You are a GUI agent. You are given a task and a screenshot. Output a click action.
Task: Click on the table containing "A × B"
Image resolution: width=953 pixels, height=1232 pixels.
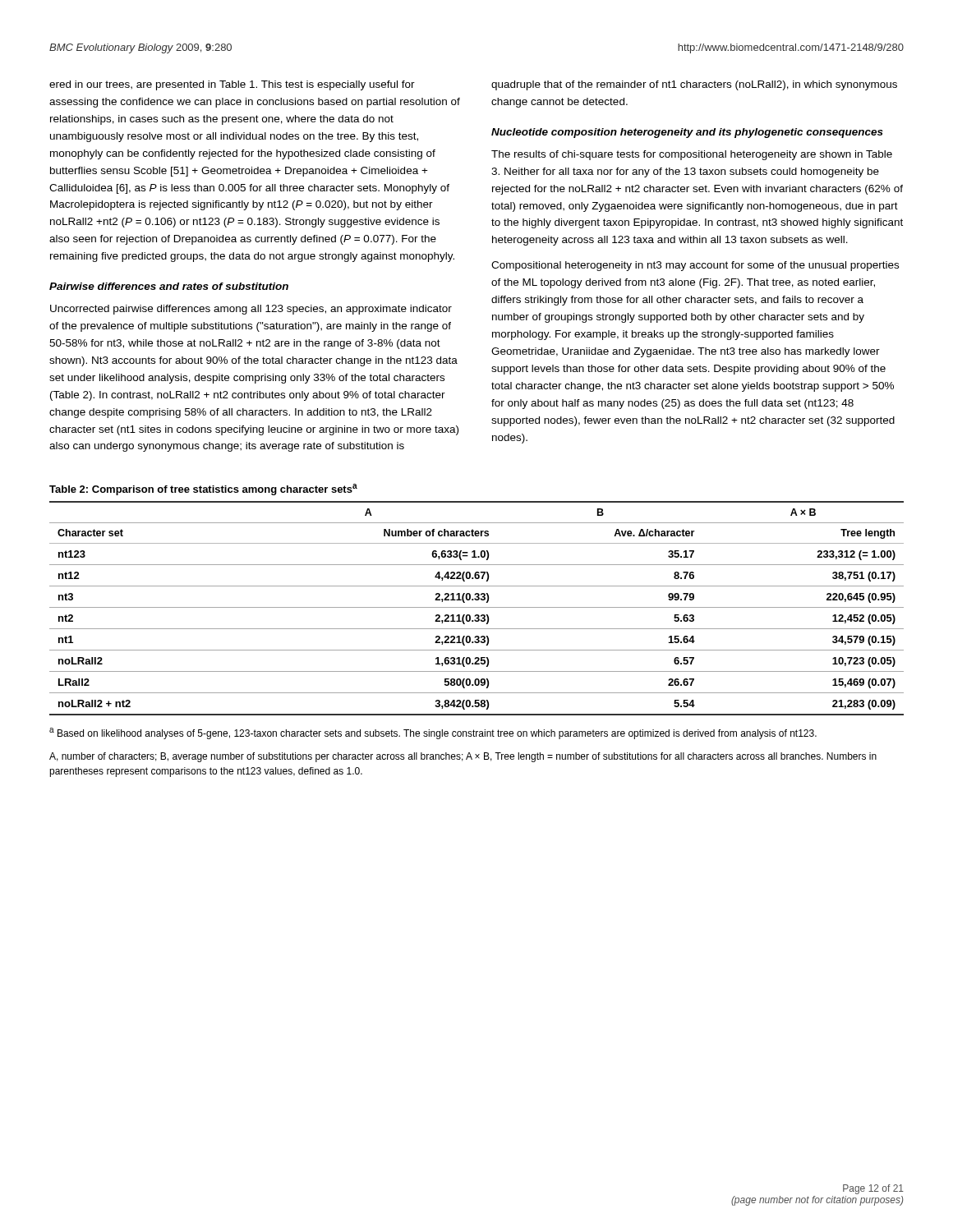point(476,608)
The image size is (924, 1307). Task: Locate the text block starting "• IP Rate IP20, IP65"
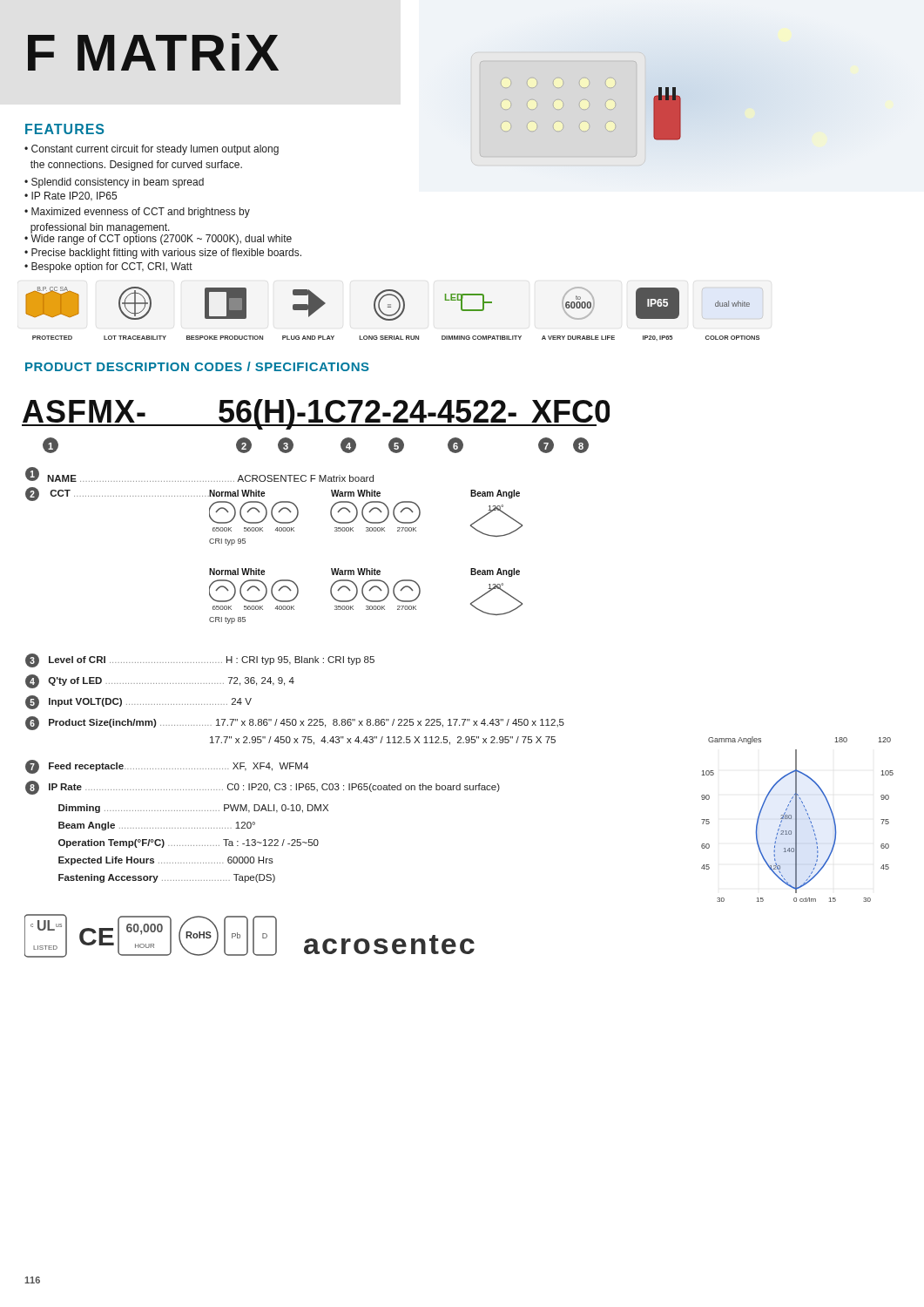click(x=71, y=196)
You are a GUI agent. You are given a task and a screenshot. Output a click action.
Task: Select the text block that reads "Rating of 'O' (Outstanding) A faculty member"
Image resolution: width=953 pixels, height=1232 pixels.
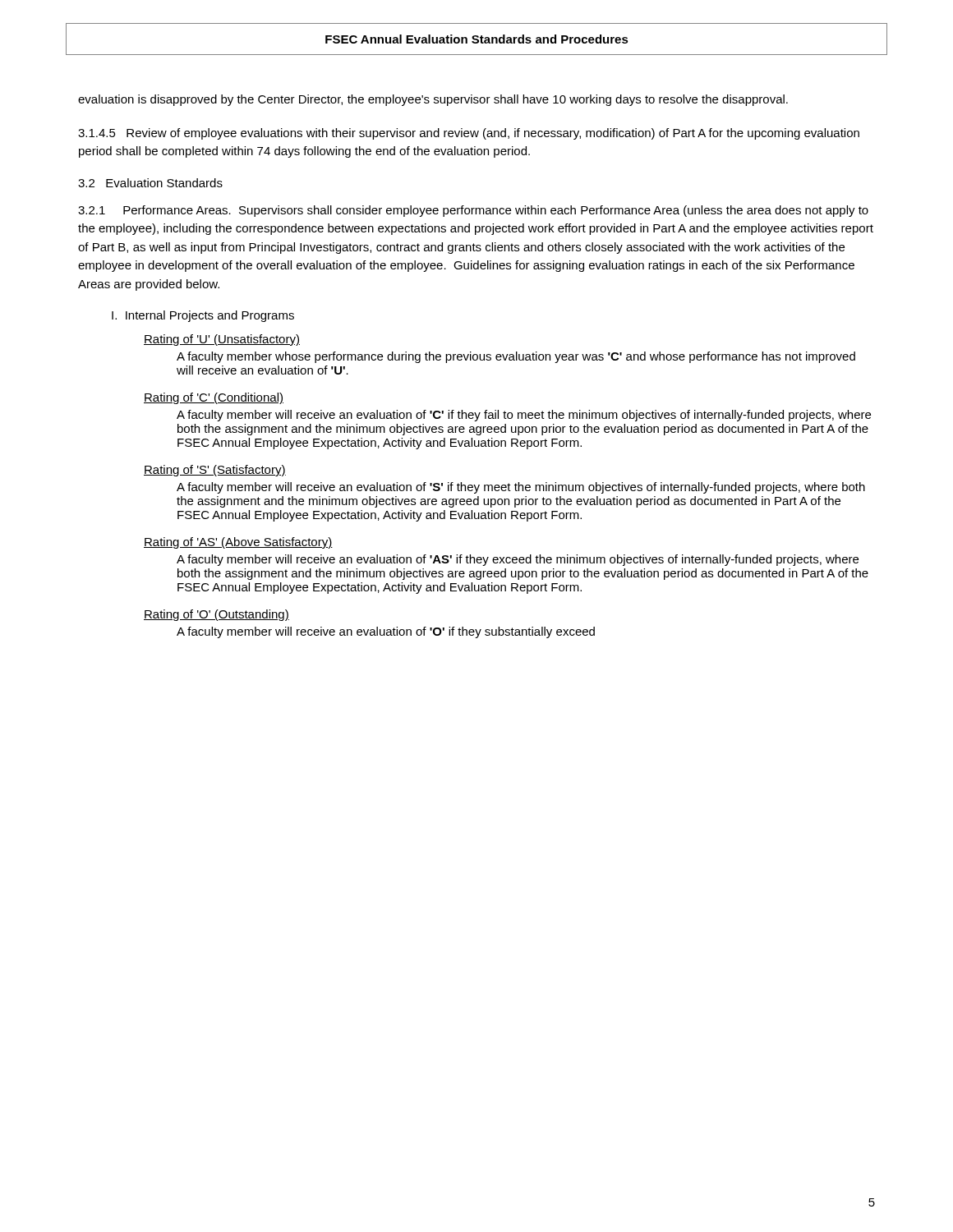pos(509,623)
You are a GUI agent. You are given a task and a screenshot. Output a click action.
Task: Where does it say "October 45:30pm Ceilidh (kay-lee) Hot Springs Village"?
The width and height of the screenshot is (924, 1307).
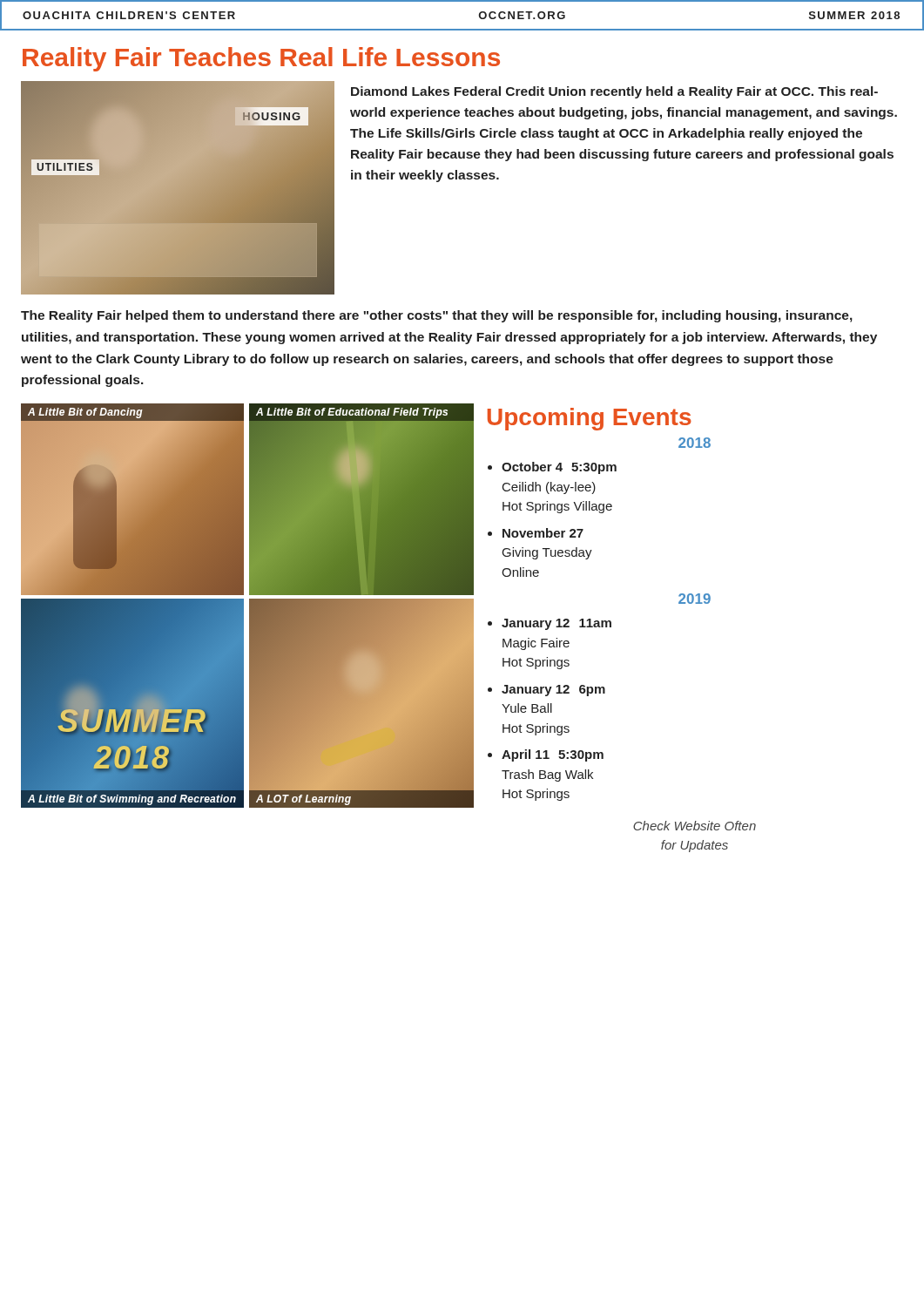[x=559, y=485]
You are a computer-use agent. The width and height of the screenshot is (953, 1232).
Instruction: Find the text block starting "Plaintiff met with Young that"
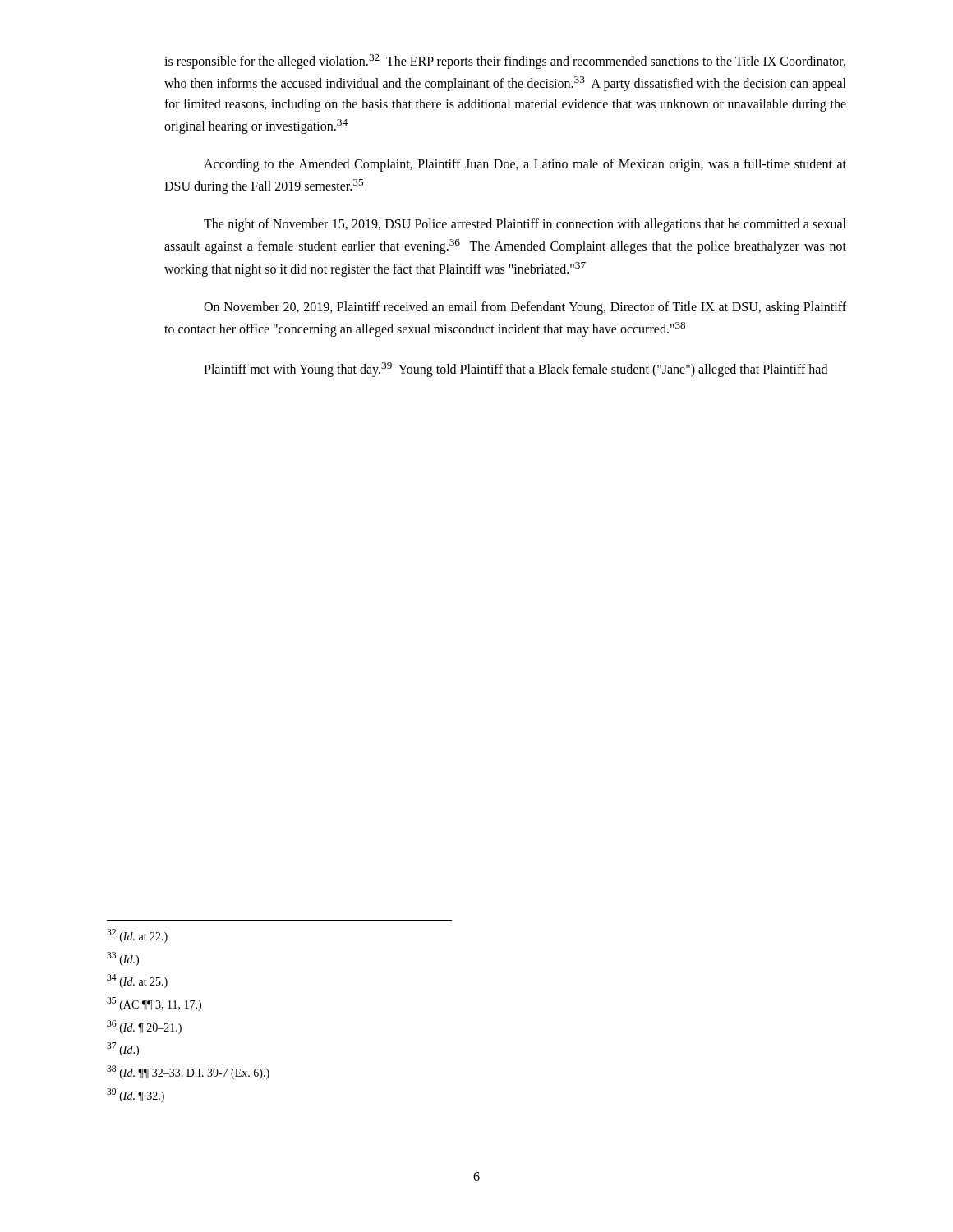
-=-=-
WORK INSTRUCTION. Return the whole listing word for word, minus its pictures.

SOLUTION TO THIS PROBLEM.
You are a GUI agent. You are given a task and a screenshot. Output a click action.
Task: Click on the table containing "A × B"
Image resolution: width=953 pixels, height=1232 pixels.
point(476,608)
The image size is (924, 1307). Task: Locate the text block starting "• IP Rate IP20, IP65"
click(x=71, y=196)
You are a GUI agent. You are given a task and a screenshot. Output a click action.
Task: Select the text block that reads "Rating of 'O' (Outstanding) A faculty member"
Image resolution: width=953 pixels, height=1232 pixels.
pos(509,623)
You are a GUI agent. You are given a task and a screenshot. Output a click action.
Task: Where does it say "October 45:30pm Ceilidh (kay-lee) Hot Springs Village"?
The width and height of the screenshot is (924, 1307).
[x=559, y=485]
You are a computer-use agent. The width and height of the screenshot is (953, 1232).
Instruction: Find the text block starting "Plaintiff met with Young that"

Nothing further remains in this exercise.